# What is expected
Output the listing exactly as written, apart from its pictures.

# Recorded information
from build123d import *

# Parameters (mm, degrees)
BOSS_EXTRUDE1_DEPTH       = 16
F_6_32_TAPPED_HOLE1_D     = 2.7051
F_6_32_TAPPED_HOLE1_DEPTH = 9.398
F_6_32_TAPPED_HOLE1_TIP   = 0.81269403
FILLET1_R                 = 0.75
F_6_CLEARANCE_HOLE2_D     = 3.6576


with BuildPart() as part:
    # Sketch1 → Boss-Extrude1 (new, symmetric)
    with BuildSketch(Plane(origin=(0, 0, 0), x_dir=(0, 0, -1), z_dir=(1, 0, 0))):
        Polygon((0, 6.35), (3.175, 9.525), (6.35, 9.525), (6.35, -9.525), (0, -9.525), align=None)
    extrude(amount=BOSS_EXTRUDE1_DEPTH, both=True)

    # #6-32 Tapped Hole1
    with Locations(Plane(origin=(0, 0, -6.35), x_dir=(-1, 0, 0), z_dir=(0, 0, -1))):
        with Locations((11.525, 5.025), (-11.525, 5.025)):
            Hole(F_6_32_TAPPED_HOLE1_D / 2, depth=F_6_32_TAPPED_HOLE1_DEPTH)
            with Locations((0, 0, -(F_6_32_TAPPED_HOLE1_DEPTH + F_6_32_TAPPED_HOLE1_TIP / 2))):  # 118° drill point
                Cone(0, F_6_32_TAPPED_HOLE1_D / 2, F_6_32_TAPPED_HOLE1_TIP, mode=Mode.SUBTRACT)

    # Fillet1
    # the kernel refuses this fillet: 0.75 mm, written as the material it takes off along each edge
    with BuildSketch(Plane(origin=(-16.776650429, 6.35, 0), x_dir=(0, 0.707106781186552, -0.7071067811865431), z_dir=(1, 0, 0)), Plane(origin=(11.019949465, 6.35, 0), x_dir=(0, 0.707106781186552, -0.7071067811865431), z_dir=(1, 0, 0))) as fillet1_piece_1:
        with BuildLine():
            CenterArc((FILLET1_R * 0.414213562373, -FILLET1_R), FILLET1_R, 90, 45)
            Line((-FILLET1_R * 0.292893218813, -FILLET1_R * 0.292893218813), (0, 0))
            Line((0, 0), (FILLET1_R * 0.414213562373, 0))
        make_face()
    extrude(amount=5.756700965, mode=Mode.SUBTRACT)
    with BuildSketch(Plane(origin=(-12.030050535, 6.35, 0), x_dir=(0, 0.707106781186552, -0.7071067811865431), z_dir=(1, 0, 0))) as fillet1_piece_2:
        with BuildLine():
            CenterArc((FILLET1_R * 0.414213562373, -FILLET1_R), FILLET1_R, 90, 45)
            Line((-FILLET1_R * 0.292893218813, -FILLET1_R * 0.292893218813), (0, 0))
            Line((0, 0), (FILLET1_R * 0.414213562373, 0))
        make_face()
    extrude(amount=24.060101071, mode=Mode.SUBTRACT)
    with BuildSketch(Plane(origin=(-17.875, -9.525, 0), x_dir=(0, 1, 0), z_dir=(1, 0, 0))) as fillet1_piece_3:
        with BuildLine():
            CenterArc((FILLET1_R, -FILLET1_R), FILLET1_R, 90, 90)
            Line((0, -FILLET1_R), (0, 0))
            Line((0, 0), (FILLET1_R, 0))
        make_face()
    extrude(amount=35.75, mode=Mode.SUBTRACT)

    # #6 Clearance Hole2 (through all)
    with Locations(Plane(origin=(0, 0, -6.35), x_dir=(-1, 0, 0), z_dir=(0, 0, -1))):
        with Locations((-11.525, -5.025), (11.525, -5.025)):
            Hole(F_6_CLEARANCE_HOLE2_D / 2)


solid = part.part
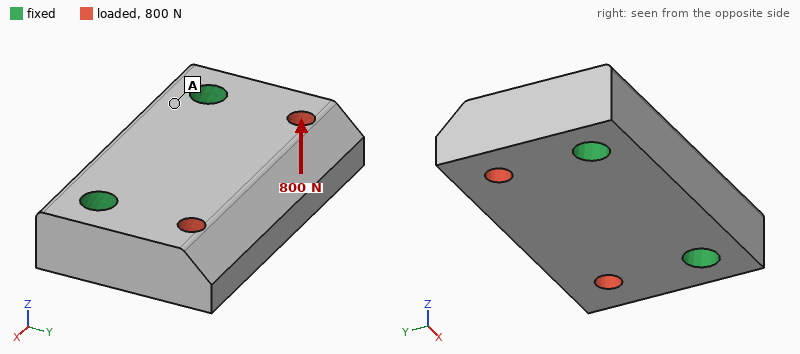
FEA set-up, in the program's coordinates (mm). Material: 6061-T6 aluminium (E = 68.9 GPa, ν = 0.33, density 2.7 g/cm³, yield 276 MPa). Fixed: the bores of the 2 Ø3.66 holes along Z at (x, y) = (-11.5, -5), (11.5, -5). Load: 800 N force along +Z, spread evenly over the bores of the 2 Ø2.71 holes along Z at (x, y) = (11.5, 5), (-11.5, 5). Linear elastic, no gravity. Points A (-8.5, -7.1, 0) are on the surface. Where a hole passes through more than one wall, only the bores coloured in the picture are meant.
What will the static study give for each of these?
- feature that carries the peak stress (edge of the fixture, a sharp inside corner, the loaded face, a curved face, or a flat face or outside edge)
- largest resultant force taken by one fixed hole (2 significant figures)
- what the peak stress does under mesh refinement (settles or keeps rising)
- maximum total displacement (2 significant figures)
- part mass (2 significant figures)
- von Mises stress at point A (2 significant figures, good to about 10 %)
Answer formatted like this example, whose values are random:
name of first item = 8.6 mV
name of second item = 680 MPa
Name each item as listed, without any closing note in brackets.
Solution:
feature that carries the peak stress = edge of the fixture
largest resultant force taken by one fixed hole = 400 N
what the peak stress does under mesh refinement = keeps rising
maximum total displacement = 15 µm
part mass = 9.4 g
von Mises stress at point A = 18 MPa
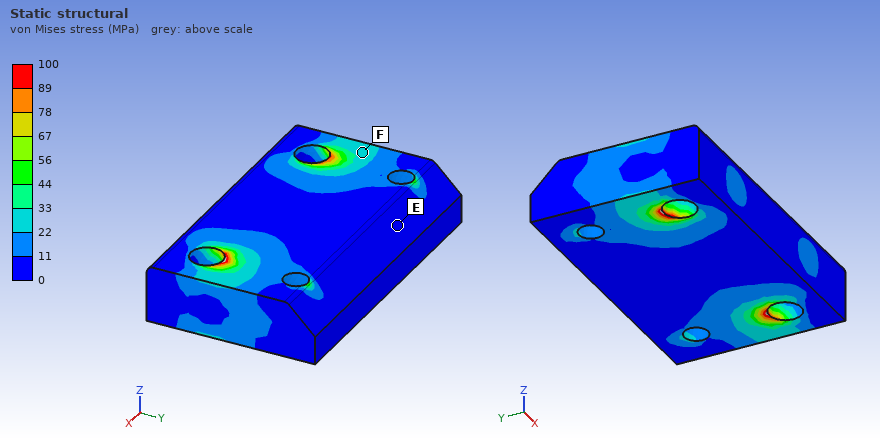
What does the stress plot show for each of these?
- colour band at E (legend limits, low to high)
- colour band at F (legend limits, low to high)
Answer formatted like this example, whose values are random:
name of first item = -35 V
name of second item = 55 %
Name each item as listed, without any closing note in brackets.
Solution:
colour band at E = 0 to 11 MPa
colour band at F = 22 to 33 MPa
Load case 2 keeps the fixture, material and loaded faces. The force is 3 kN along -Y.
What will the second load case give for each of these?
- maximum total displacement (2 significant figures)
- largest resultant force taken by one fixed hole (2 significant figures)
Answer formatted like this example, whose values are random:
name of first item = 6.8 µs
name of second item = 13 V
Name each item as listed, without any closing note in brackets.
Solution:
maximum total displacement = 8.5 µm
largest resultant force taken by one fixed hole = 1.5 kN
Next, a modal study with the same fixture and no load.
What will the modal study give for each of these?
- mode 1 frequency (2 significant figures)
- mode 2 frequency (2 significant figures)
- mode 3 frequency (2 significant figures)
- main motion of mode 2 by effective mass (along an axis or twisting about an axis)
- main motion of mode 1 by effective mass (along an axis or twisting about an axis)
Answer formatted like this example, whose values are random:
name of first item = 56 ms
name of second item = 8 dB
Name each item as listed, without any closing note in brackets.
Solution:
mode 1 frequency = 20 kHz
mode 2 frequency = 33 kHz
mode 3 frequency = 44 kHz
main motion of mode 2 by effective mass = twisting about Y
main motion of mode 1 by effective mass = along Z

# Response to this task
from build123d import *

# Parameters (mm, degrees)
BOSS_EXTRUDE1_DEPTH       = 16
F_6_32_TAPPED_HOLE1_D     = 2.7051
F_6_32_TAPPED_HOLE1_DEPTH = 9.398
F_6_32_TAPPED_HOLE1_TIP   = 0.81269403
FILLET1_R                 = 0.75
F_6_CLEARANCE_HOLE2_D     = 3.6576


with BuildPart() as part:
    # Sketch1 → Boss-Extrude1 (new, symmetric)
    with BuildSketch(Plane(origin=(0, 0, 0), x_dir=(0, 0, -1), z_dir=(1, 0, 0))):
        Polygon((0, 6.35), (3.175, 9.525), (6.35, 9.525), (6.35, -9.525), (0, -9.525), align=None)
    extrude(amount=BOSS_EXTRUDE1_DEPTH, both=True)

    # #6-32 Tapped Hole1
    with Locations(Plane(origin=(0, 0, -6.35), x_dir=(-1, 0, 0), z_dir=(0, 0, -1))):
        with Locations((11.525, 5.025), (-11.525, 5.025)):
            Hole(F_6_32_TAPPED_HOLE1_D / 2, depth=F_6_32_TAPPED_HOLE1_DEPTH)
            with Locations((0, 0, -(F_6_32_TAPPED_HOLE1_DEPTH + F_6_32_TAPPED_HOLE1_TIP / 2))):  # 118° drill point
                Cone(0, F_6_32_TAPPED_HOLE1_D / 2, F_6_32_TAPPED_HOLE1_TIP, mode=Mode.SUBTRACT)

    # Fillet1
    # the kernel refuses this fillet: 0.75 mm, written as the material it takes off along each edge
    with BuildSketch(Plane(origin=(-16.776650429, 6.35, 0), x_dir=(0, 0.707106781186552, -0.7071067811865431), z_dir=(1, 0, 0)), Plane(origin=(11.019949465, 6.35, 0), x_dir=(0, 0.707106781186552, -0.7071067811865431), z_dir=(1, 0, 0))) as fillet1_piece_1:
        with BuildLine():
            CenterArc((FILLET1_R * 0.414213562373, -FILLET1_R), FILLET1_R, 90, 45)
            Line((-FILLET1_R * 0.292893218813, -FILLET1_R * 0.292893218813), (0, 0))
            Line((0, 0), (FILLET1_R * 0.414213562373, 0))
        make_face()
    extrude(amount=5.756700965, mode=Mode.SUBTRACT)
    with BuildSketch(Plane(origin=(-12.030050535, 6.35, 0), x_dir=(0, 0.707106781186552, -0.7071067811865431), z_dir=(1, 0, 0))) as fillet1_piece_2:
        with BuildLine():
            CenterArc((FILLET1_R * 0.414213562373, -FILLET1_R), FILLET1_R, 90, 45)
            Line((-FILLET1_R * 0.292893218813, -FILLET1_R * 0.292893218813), (0, 0))
            Line((0, 0), (FILLET1_R * 0.414213562373, 0))
        make_face()
    extrude(amount=24.060101071, mode=Mode.SUBTRACT)
    with BuildSketch(Plane(origin=(-17.875, -9.525, 0), x_dir=(0, 1, 0), z_dir=(1, 0, 0))) as fillet1_piece_3:
        with BuildLine():
            CenterArc((FILLET1_R, -FILLET1_R), FILLET1_R, 90, 90)
            Line((0, -FILLET1_R), (0, 0))
            Line((0, 0), (FILLET1_R, 0))
        make_face()
    extrude(amount=35.75, mode=Mode.SUBTRACT)

    # #6 Clearance Hole2 (through all)
    with Locations(Plane(origin=(0, 0, -6.35), x_dir=(-1, 0, 0), z_dir=(0, 0, -1))):
        with Locations((-11.525, -5.025), (11.525, -5.025)):
            Hole(F_6_CLEARANCE_HOLE2_D / 2)


solid = part.part
FEA set-up, in the program's coordinates (mm). Material: 6061-T6 aluminium (E = 68.9 GPa, ν = 0.33, density 2.7 g/cm³, yield 276 MPa). Fixed: the bores of the 2 Ø3.66 holes along Z at (x, y) = (-11.5, -5), (11.5, -5). Load: 800 N force along +Z, spread evenly over the bores of the 2 Ø2.71 holes along Z at (x, y) = (11.5, 5), (-11.5, 5). Linear elastic, no gravity. Points A (-8.5, -7.1, 0) are on the surface. Where a hole passes through more than one wall, only the bores coloured in the picture are meant.
What will the static study give for each of these?
- feature that carries the peak stress (edge of the fixture, a sharp inside corner, the loaded face, a curved face, or a flat face or outside edge)
- largest resultant force taken by one fixed hole (2 significant figures)
- what the peak stress does under mesh refinement (settles or keeps rising)
- maximum total displacement (2 significant figures)
- part mass (2 significant figures)
- von Mises stress at point A (2 significant figures, good to about 10 %)
Answer formatted like this example, whose values are random:
name of first item = 8.6 mV
name of second item = 680 MPa
Name each item as listed, without any closing note in brackets.
Solution:
feature that carries the peak stress = edge of the fixture
largest resultant force taken by one fixed hole = 400 N
what the peak stress does under mesh refinement = keeps rising
maximum total displacement = 15 µm
part mass = 9.4 g
von Mises stress at point A = 18 MPa
What does the stress plot show for each of these?
- colour band at E (legend limits, low to high)
- colour band at F (legend limits, low to high)
Answer formatted like this example, whose values are random:
name of first item = -35 V
name of second item = 55 %
Name each item as listed, without any closing note in brackets.
Solution:
colour band at E = 0 to 11 MPa
colour band at F = 22 to 33 MPa
Load case 2 keeps the fixture, material and loaded faces. The force is 3 kN along -Y.
What will the second load case give for each of these?
- maximum total displacement (2 significant figures)
- largest resultant force taken by one fixed hole (2 significant figures)
Answer formatted like this example, whose values are random:
name of first item = 6.8 µs
name of second item = 13 V
Name each item as listed, without any closing note in brackets.
Solution:
maximum total displacement = 8.5 µm
largest resultant force taken by one fixed hole = 1.5 kN
Next, a modal study with the same fixture and no load.
What will the modal study give for each of these?
- mode 1 frequency (2 significant figures)
- mode 2 frequency (2 significant figures)
- mode 3 frequency (2 significant figures)
- main motion of mode 2 by effective mass (along an axis or twisting about an axis)
- main motion of mode 1 by effective mass (along an axis or twisting about an axis)
Answer formatted like this example, whose values are random:
name of first item = 56 ms
name of second item = 8 dB
Name each item as listed, without any closing note in brackets.
Solution:
mode 1 frequency = 20 kHz
mode 2 frequency = 33 kHz
mode 3 frequency = 44 kHz
main motion of mode 2 by effective mass = twisting about Y
main motion of mode 1 by effective mass = along Z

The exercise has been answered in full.